[Dataset entries]
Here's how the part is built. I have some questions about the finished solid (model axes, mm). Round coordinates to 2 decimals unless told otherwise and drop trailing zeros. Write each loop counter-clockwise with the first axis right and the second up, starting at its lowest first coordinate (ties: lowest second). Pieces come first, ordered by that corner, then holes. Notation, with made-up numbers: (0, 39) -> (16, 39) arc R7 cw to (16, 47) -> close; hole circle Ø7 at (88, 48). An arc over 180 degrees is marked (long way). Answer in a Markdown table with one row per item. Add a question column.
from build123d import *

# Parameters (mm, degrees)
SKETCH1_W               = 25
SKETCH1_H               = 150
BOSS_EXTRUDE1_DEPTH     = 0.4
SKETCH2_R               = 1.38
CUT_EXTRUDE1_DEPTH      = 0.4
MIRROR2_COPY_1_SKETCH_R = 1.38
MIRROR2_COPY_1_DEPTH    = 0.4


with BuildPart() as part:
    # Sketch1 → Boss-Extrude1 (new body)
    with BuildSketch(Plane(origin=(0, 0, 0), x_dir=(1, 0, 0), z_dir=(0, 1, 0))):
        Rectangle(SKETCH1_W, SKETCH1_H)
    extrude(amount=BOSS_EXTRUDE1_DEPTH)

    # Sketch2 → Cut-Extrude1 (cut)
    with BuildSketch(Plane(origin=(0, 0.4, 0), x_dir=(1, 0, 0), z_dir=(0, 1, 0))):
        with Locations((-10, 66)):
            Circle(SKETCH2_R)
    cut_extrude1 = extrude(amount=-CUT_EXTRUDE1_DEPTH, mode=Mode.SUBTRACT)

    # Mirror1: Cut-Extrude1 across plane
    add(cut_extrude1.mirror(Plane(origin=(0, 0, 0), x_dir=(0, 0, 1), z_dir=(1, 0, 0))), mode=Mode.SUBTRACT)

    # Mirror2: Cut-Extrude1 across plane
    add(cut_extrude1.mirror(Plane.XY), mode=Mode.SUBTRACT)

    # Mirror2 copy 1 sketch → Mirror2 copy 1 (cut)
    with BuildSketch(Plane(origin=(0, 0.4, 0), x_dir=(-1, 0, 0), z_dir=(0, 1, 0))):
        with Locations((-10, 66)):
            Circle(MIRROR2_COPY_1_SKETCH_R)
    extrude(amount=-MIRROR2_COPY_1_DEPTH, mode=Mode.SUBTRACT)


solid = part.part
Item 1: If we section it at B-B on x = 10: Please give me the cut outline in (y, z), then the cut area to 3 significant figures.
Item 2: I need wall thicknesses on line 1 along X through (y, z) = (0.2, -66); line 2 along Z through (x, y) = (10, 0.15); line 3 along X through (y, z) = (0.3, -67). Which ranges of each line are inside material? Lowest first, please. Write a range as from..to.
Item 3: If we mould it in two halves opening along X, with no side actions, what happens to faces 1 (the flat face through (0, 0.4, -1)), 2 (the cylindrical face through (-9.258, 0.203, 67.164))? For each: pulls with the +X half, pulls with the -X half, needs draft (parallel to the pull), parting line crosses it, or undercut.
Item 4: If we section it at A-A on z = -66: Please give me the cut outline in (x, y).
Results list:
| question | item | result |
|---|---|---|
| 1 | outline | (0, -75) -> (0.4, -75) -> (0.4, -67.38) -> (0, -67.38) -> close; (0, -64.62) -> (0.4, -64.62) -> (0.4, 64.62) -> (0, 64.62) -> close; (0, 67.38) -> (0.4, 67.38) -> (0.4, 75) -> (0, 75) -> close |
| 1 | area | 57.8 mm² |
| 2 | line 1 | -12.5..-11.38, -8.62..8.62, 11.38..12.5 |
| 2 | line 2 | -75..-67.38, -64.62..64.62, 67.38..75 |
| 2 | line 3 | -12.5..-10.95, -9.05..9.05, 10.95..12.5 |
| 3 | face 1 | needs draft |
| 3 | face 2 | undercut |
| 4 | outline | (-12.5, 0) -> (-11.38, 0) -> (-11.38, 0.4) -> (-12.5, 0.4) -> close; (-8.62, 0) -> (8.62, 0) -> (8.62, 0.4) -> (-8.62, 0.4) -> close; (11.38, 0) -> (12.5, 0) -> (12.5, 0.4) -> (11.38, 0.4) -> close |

TASK INSTRUCTIONS
Retype all the data. Nothing may be left out or altered.

EXERCISE ANSWER
Here's how the part is built. I have some questions about the finished solid (model axes, mm). Round coordinates to 2 decimals unless told otherwise and drop trailing zeros. Write each loop counter-clockwise with the first axis right and the second up, starting at its lowest first coordinate (ties: lowest second). Pieces come first, ordered by that corner, then holes. Notation, with made-up numbers: (0, 39) -> (16, 39) arc R7 cw to (16, 47) -> close; hole circle Ø7 at (88, 48). An arc over 180 degrees is marked (long way). Answer in a Markdown table with one row per item. Add a question column.
from build123d import *

# Parameters (mm, degrees)
SKETCH1_W               = 25
SKETCH1_H               = 150
BOSS_EXTRUDE1_DEPTH     = 0.4
SKETCH2_R               = 1.38
CUT_EXTRUDE1_DEPTH      = 0.4
MIRROR2_COPY_1_SKETCH_R = 1.38
MIRROR2_COPY_1_DEPTH    = 0.4


with BuildPart() as part:
    # Sketch1 → Boss-Extrude1 (new body)
    with BuildSketch(Plane(origin=(0, 0, 0), x_dir=(1, 0, 0), z_dir=(0, 1, 0))):
        Rectangle(SKETCH1_W, SKETCH1_H)
    extrude(amount=BOSS_EXTRUDE1_DEPTH)

    # Sketch2 → Cut-Extrude1 (cut)
    with BuildSketch(Plane(origin=(0, 0.4, 0), x_dir=(1, 0, 0), z_dir=(0, 1, 0))):
        with Locations((-10, 66)):
            Circle(SKETCH2_R)
    cut_extrude1 = extrude(amount=-CUT_EXTRUDE1_DEPTH, mode=Mode.SUBTRACT)

    # Mirror1: Cut-Extrude1 across plane
    add(cut_extrude1.mirror(Plane(origin=(0, 0, 0), x_dir=(0, 0, 1), z_dir=(1, 0, 0))), mode=Mode.SUBTRACT)

    # Mirror2: Cut-Extrude1 across plane
    add(cut_extrude1.mirror(Plane.XY), mode=Mode.SUBTRACT)

    # Mirror2 copy 1 sketch → Mirror2 copy 1 (cut)
    with BuildSketch(Plane(origin=(0, 0.4, 0), x_dir=(-1, 0, 0), z_dir=(0, 1, 0))):
        with Locations((-10, 66)):
            Circle(MIRROR2_COPY_1_SKETCH_R)
    extrude(amount=-MIRROR2_COPY_1_DEPTH, mode=Mode.SUBTRACT)


solid = part.part
Item 1: If we section it at B-B on x = 10: Please give me the cut outline in (y, z), then the cut area to 3 significant figures.
Item 2: I need wall thicknesses on line 1 along X through (y, z) = (0.2, -66); line 2 along Z through (x, y) = (10, 0.15); line 3 along X through (y, z) = (0.3, -67). Which ranges of each line are inside material? Lowest first, please. Write a range as from..to.
Item 3: If we mould it in two halves opening along X, with no side actions, what happens to faces 1 (the flat face through (0, 0.4, -1)), 2 (the cylindrical face through (-9.258, 0.203, 67.164))? For each: pulls with the +X half, pulls with the -X half, needs draft (parallel to the pull), parting line crosses it, or undercut.
Item 4: If we section it at A-A on z = -66: Please give me the cut outline in (x, y).
Results list:
| question | item | result |
|---|---|---|
| 1 | outline | (0, -75) -> (0.4, -75) -> (0.4, -67.38) -> (0, -67.38) -> close; (0, -64.62) -> (0.4, -64.62) -> (0.4, 64.62) -> (0, 64.62) -> close; (0, 67.38) -> (0.4, 67.38) -> (0.4, 75) -> (0, 75) -> close |
| 1 | area | 57.8 mm² |
| 2 | line 1 | -12.5..-11.38, -8.62..8.62, 11.38..12.5 |
| 2 | line 2 | -75..-67.38, -64.62..64.62, 67.38..75 |
| 2 | line 3 | -12.5..-10.95, -9.05..9.05, 10.95..12.5 |
| 3 | face 1 | needs draft |
| 3 | face 2 | undercut |
| 4 | outline | (-12.5, 0) -> (-11.38, 0) -> (-11.38, 0.4) -> (-12.5, 0.4) -> close; (-8.62, 0) -> (8.62, 0) -> (8.62, 0.4) -> (-8.62, 0.4) -> close; (11.38, 0) -> (12.5, 0) -> (12.5, 0.4) -> (11.38, 0.4) -> close |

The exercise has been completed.